Beitrag von ab08 » Mi 15. Nov 2017, 19:14

Liebe Ulla,

wie man eine Skala ansetzt, ist natürlich immer die Frage... :wink: -> Also, was Null bedeutet, ob 50 Punkte viel sind oder erst 80 Punkte, ob 100 Punkte überhaupt erreicht werden können oder als Grenzwert zu sehen sind... --Wenn es, vgl.
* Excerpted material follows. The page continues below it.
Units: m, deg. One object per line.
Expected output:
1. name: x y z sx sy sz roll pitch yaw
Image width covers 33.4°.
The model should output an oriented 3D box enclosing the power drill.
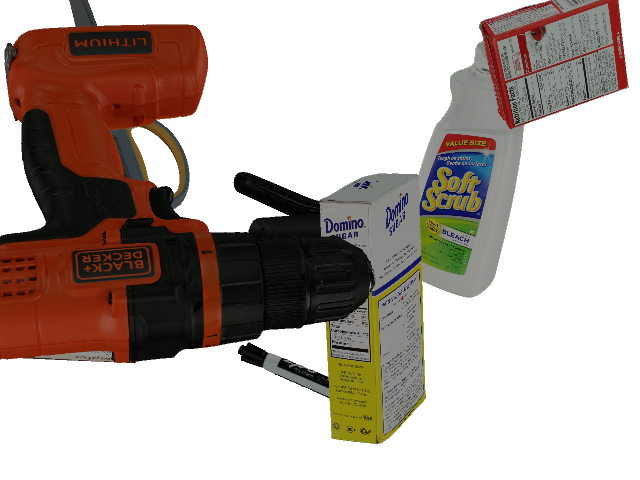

Temperatur negative Werte gäbe, wären 50 Punkte eventuell ziemlich viel.
Allerdings, ich muss jetzt ehrlich gestehen :oops: , bin ja Mathematikerin, darüber dachte ich überhaupt nicht nach. :oops:
Mir als Mathematikerin ist das halt ziemlich wurscht ... Ob die Skala logarithmisch oder linear ist, ob der Nullpunkt verschoben wurde, das sind ohnehin nur Äußerlichkeiten. --> In der Regel hängt es damit zusammen, ob der Autor was betonen oder was verschleiern will.
Allerdings das Verschleiern funktioniert nur bei Menschen, die nicht öfter mit sowas Umgang haben. :wink:
Natürlich, Deine Kritik ist da völlig berechtigt, spielt genau das in der Außenwirkung die wesentliche Rolle...
(Daher haben viele Mathematiker mit ihrem Spezialgebiet ein heftiges Kommunikationsproblem) :lol:

:oops: Aber, wie gesagt, Entschuldigung, darüber dachte ich eigentlich nicht nach
--> Den Namen reparierte ich gleich, auch dafür bitte ich um Nachsicht! :oops:

Liebe Grüße
Andrea )))(:

P.S. Medizinische Statistiken sind, aus mathematischer Sicht, ohnehin häufig mit Vorsicht zu genießen. (Es liegt auch daran, dass die Sachverhalte in der Regel hochkomplex sind. /Damals war ich mit Korrekturlesen befasst./ - Die Qualität ist jedenfalls, aus mathematischer Sicht, sehr unterschiedlich.)